Intersection of finite number of compact sets is compact? Is the the intersection of a finite number of compact sets is compact? If not please give a counter example to demonstrate this is not true.
I said that this is true because the intersection of finite number of compact sets are closed. Which therefore means that it will be bounded because the intersection is contained by every set. I am not sure if this is correct.
Thank you for the help
 A: I would like to supply another answer to this interesting question. I learnt the following example in a masters thesis of Cecil Eugene Denney (Kansas State University, 1966). Here is a link to the thesis. What follows below is a modified version of Example 3 in page 27 of the thesis. 
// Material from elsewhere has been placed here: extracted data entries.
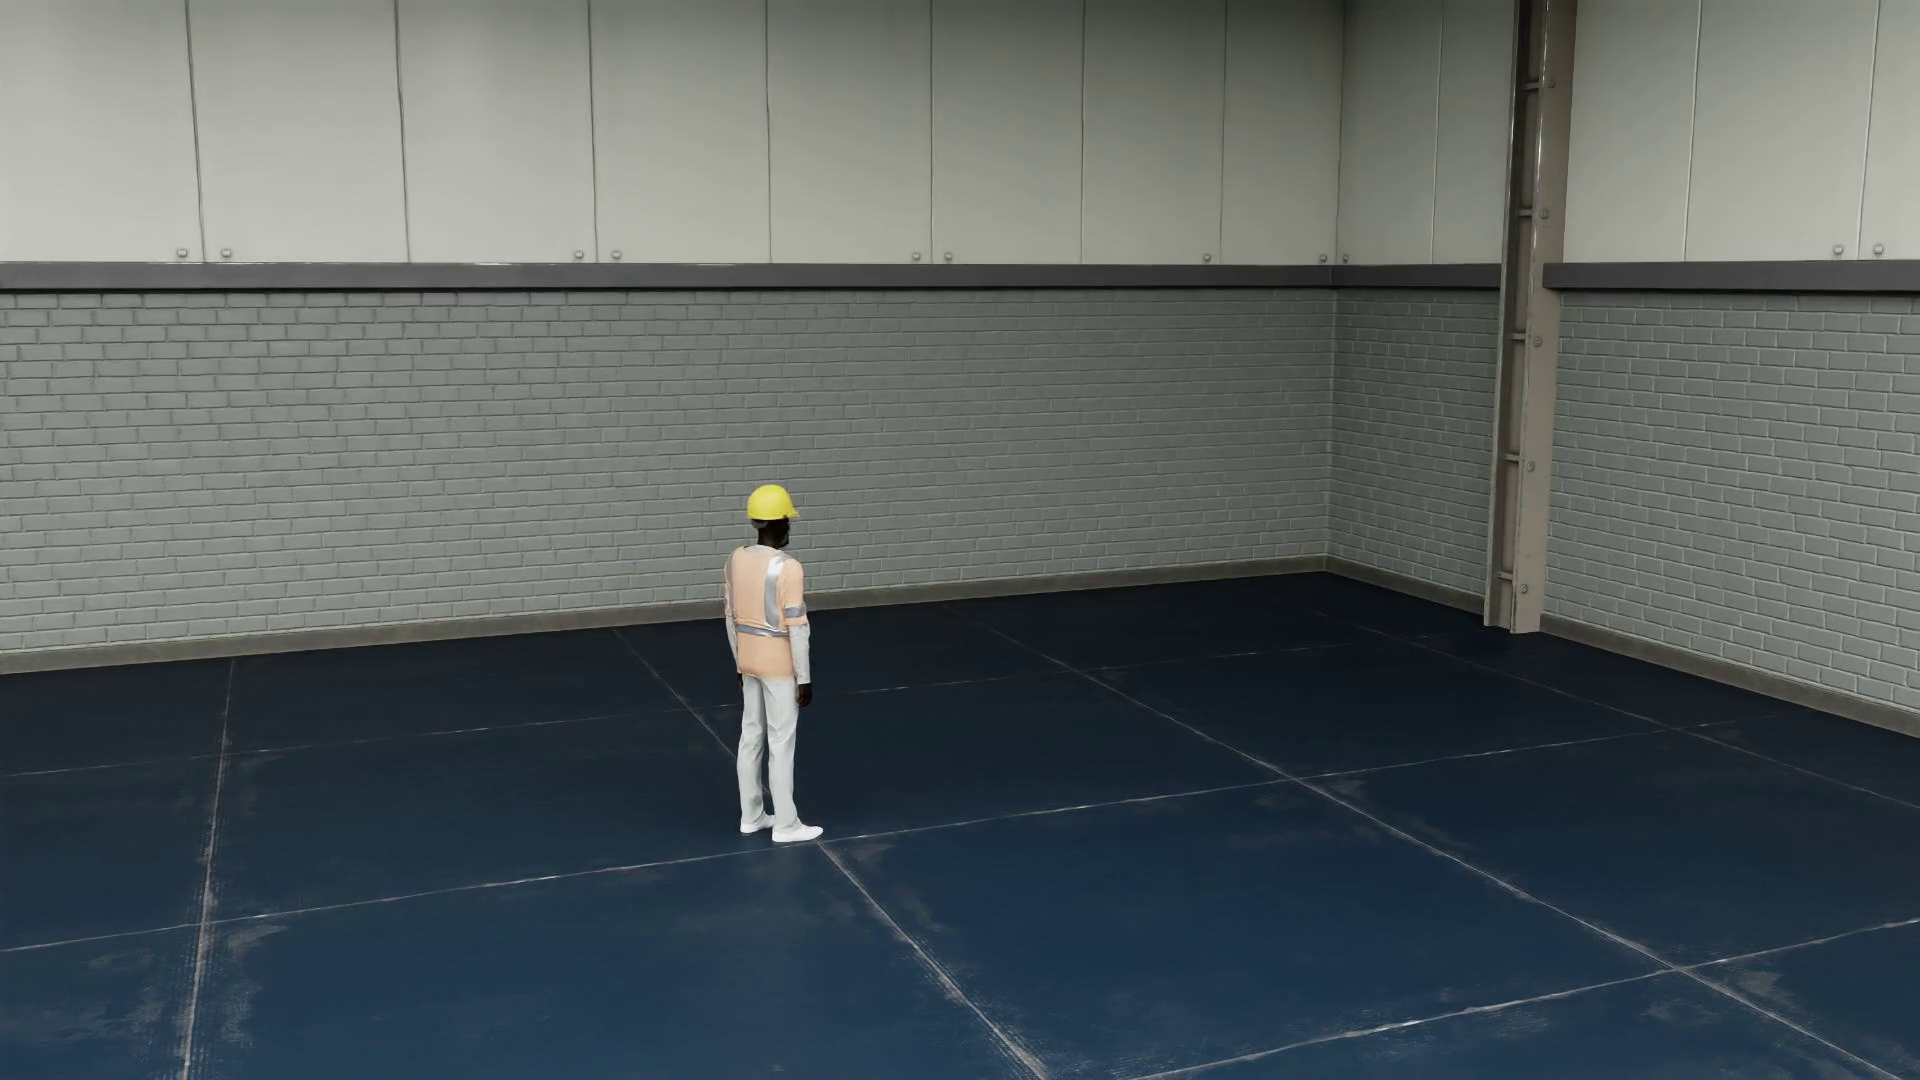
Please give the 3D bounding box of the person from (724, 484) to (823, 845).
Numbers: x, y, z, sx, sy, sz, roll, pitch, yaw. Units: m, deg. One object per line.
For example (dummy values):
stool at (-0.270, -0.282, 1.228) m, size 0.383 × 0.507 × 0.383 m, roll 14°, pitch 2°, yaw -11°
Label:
person at (-1.008, 0.663, 8.903) m, size 0.588 × 1.930 × 0.364 m, roll 8°, pitch 12°, yaw 40°

Example. Let $X=\{a, b\}$ be a topological space whose only open sets are $\emptyset$ and $X$ itself (so $X$ has the indiscrete topology). Let $Y=\mathbb{R}$ be the set of all real numbers with the standard topology. We will consider the topological space $X\times Y$. Consider the following two subsets of $X\times Y$:
$$
C = \{(a, y): 1\leq y < 3\} \cup \{(b, y): 3\leq y \leq 4\} 
$$
and
$$
D = \{(a, y): 2<y \leq 4\} \cup \{(b, y): 1\leq y \leq 2\}.
$$
We claim that $C$ and $D$ are both compact. Indeed, in given any open cover $\mathcal{U}$ for $C$, each open set must be of the form $X\times U$ where $U$ is an open subset of $Y$ (this is where we use the fact that the only open subsets of $X$ are $\emptyset$ and $X$). Using the projection $\pi_Y: X\times Y \to Y$, we note that the collection of all $U$ such that $X\times U\in\mathcal{U}$ forms an open cover of $\pi_Y(C) = [1, 4]$ which is compact. Thus, there are finitely many $U_i$ which cover $[1, 4]$, and consequently finitely many $X\times U_i$ which cover $C$. This shows $C$ is compact, and the verification for compactness of $D$ is identical. 
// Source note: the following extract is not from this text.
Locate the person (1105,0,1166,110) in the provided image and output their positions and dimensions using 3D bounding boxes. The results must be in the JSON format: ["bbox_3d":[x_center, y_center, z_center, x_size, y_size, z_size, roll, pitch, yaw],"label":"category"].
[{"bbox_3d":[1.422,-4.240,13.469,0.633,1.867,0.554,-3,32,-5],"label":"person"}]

However, $C\cap D = \{(a, y): 2 < y < 3\}$ is homeomorphic, via the projection $\pi_Y$, to the open interval $(2, 3)$ in $Y=\mathbb{R}$, and it is well-known that $(2, 3)$ is not compact.
A: In a $T_2$ space (Hausdorff), compact subsets are closed. Let  be a $T_2$ space and let $F$ be a family of compact subsets of $S$. To avoid trivial cases  let $F$ have at least one non-empty member $f$. 
Now $G=\cap F$ is closed and $G^c=S\backslash G$ is open. If $V$ is a family of open sets with $\cup V\supset G,$ then  $V'=V\cup \{G^c\}$ is an open cover of $f.$ (Indeed, $\cup V'=S.$) 
Since $f$ is compact, there exists a finite $H\subset V'$ with $\cup H\supset f.$  Then $H'=H\backslash \{G^c\}$ is a finite subset of $V$,  and $\cup H'\supset G.$ 
So $G$ is compact.
Note that we needed each member of $F$ to be closed, so that $G$ is closed, so that $G^c$ is open, so that $V'$ is an open family. As an earlier answer shows, if $S$ is not $T_2$ then this can fail.
A: For Hausdorff spaces your statement is true, since compact sets in a Hausdorff space must be closed and a closed subset of a compact set is compact. In fact, in this case, the intersection of any family of compact sets is compact (by the same argument). However, in general it is false.
Take $\mathbb{N}$ with the discrete topology and add in two more points $x_1$ and $x_2$. Declare that the only open sets containing $x_i$ to be $\{x_i\}\cup \mathbb{N}$ and $\{x_1 , x_2\}\cup \mathbb{N}$. (If you can't see it immediately, check this gives a topology on $\{x_1 , x_2\}\cup \mathbb{N}$).
Now $\{x_i\}\cup \mathbb{N}$ is compact for $i=1,2$, since any open cover must contain $\{x_i\}\cup \mathbb{N}$ (it is the only open set containing $x_i$). However, their intersection, $\mathbb{N}$, is infinite and discrete, so definitely not compact.
A: The intersection of two compact subsets is not, in general compact. A possible example is $\mathbb R$ with the lower semicontinuity topology, i.e. the topology generated by sets of the form $(a, +\infty)$.
A subset $A\subseteq\mathbb R$ is compact in this topology if it has a minimum. Now, consider $A=[0, 1)\cup(3, +\infty)$ and $B=[2, +\infty)$. Both $A$ and $B$ are compact, but their intersection $A\cap B=(3, +\infty)$ is not.
Notice that the lower semicontinuity topology on $\mathbb R$ is not Hausdorff. As others have pointed out, the intersection of two compact subspaces of a Hausdorff topological space is still compact.